(Charles River) Validation of humanized PD-1 knock-in mice as an emerging model to evaluate human specific PD-1 therapeutics
hPD-1 mice as a model to evaluate human specific PD-1 therapeutics
Abstract
Over the past decade there has been an increasing demand in the use of syngeneic models for evaluating the efficacy of checkpoint inhibition-based cancer immunotherapies. During tumor development, immune cells can became unresponsive to the presence of tumor cells due to chronic activation and expression of the programmed cell death protein-1 (PD-1) or the T lymphocyte associated antigen 4 (CTLA4) in T-cells or the presence of FoxP3+ Treg cells resulting in tumor immune-tolerance.

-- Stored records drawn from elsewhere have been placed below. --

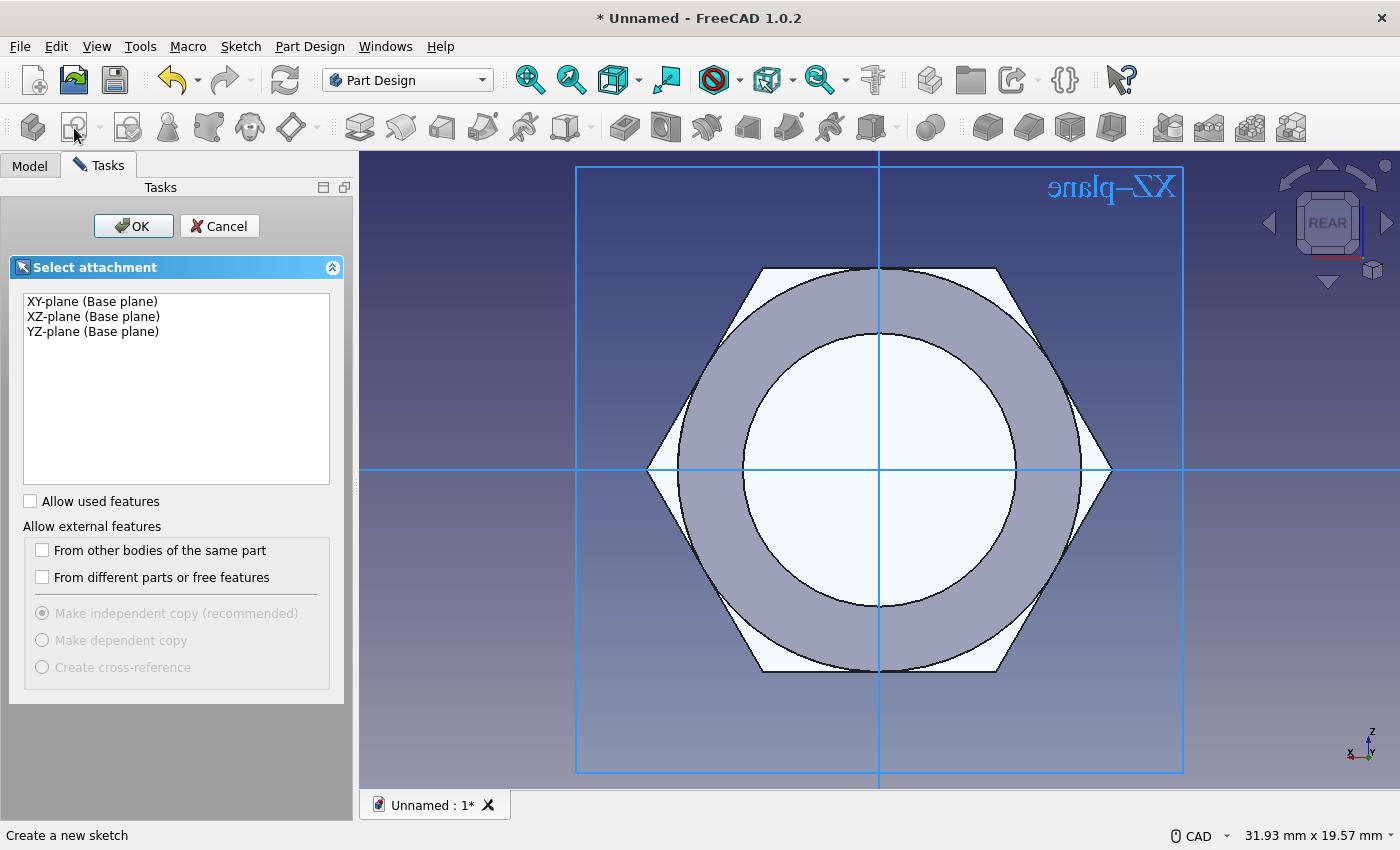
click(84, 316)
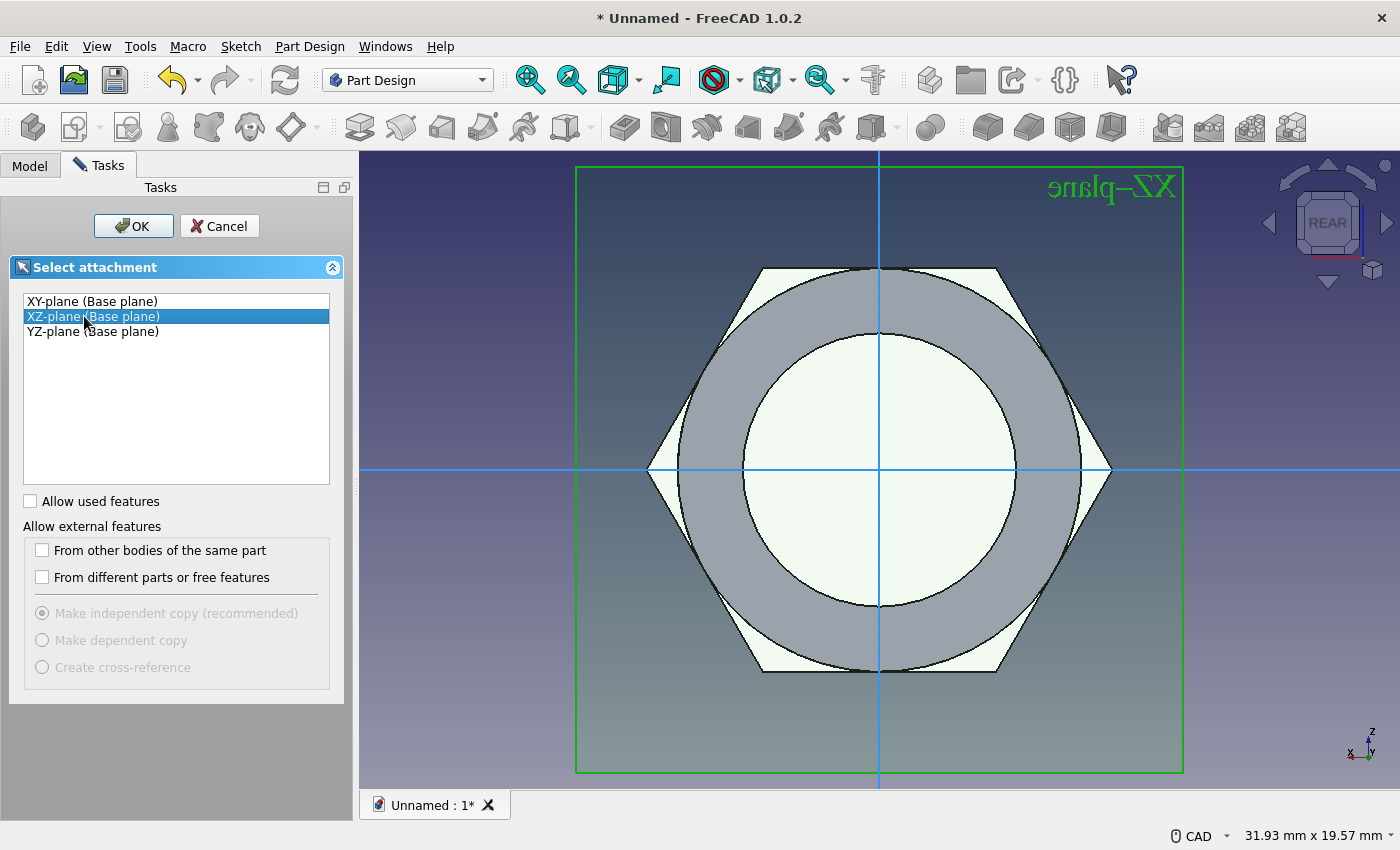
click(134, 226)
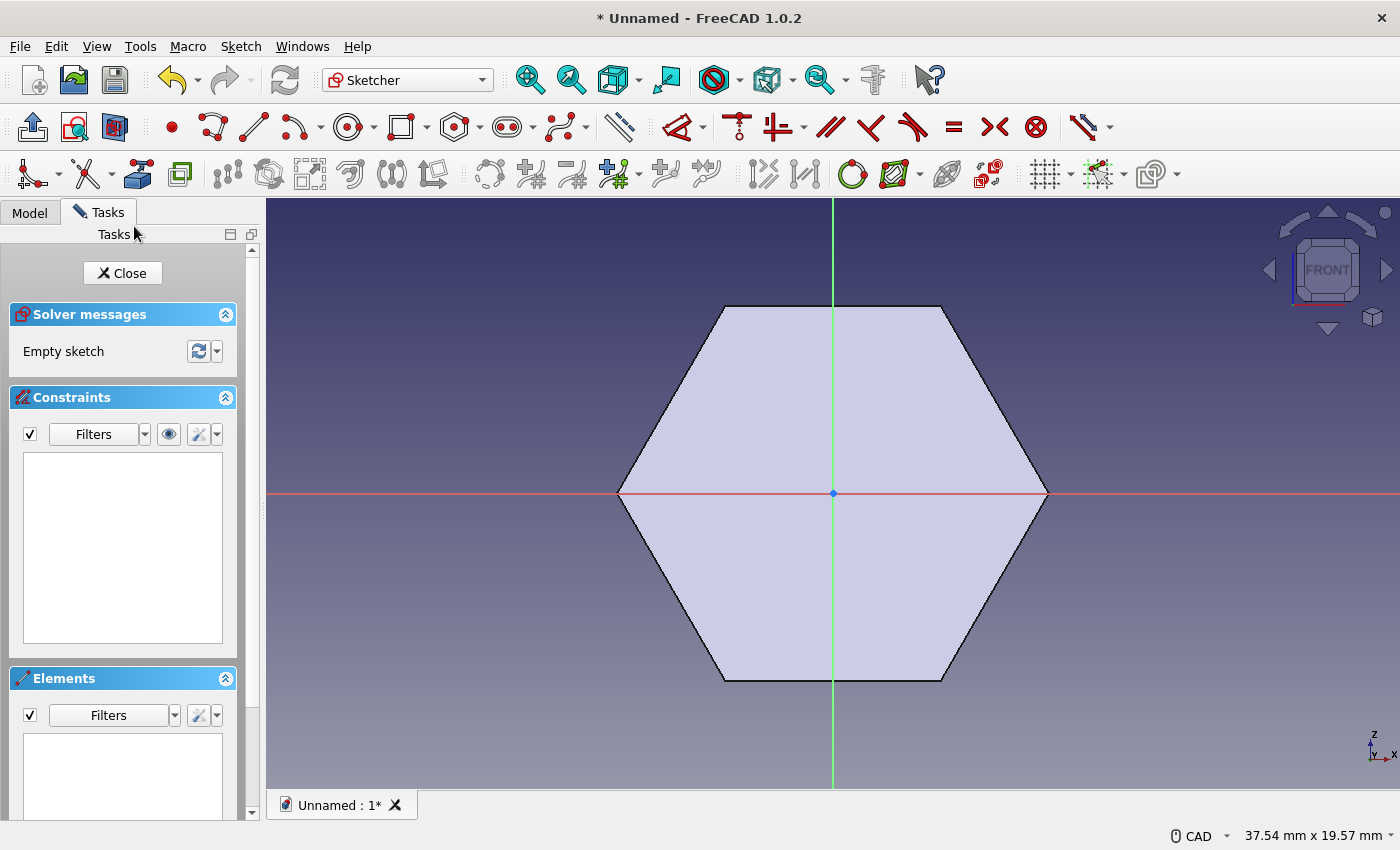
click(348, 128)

Our previous studies have demonstrated that murine anti-PD-1 and CTLA-4 therapy can effectively re-activate the anti tumor response against multiple syngeneic tumor models. While these models proved instrumental for evaluating murine immune-checkpoint inhibitors (ICI), there is a clear need for additional mouse models to evaluate the efficacy of ICI specific for human targets. To address this need, we describe the development of a humanized PD-1 knock-in (KI) mouse model. This mouse model has the advantage of expressing the human PD-1 protein in the context of a fully functional immune system. We also show the response to clinically relevant immune checkpoint inhibitors in two preclinical tumor models. We evaluated the anti-tumor activity of pembrolizumab in the MC38 colorectal carcinoma and the GL261 glioblastoma models. We observed significant tumor growth inhibition and growth delay in the MC38 tumor model when treated with pembrolizumab monotherapy, but not when treated with the murine counterpart (anti-PD-1 clone RPM1-14). To extend our validation studies to other tumor models, we implanted GL261 glioblastoma orthotopically in the brain of PD-1 KI mice and achieved a significant increased life span in the group treated with pembrolizumab compared to both the control group and the group treated with murine anti-PD-1 antibody. The immune profile from control and treated these animals were also characterized in these studies by flow cytometry. In summary, the results shown here underscore the value of the humanized PD-1 knock-in (KI) mouse model as a tool to evaluate human specific immune-checkpoint based therapeutics alone and in combination with other agents.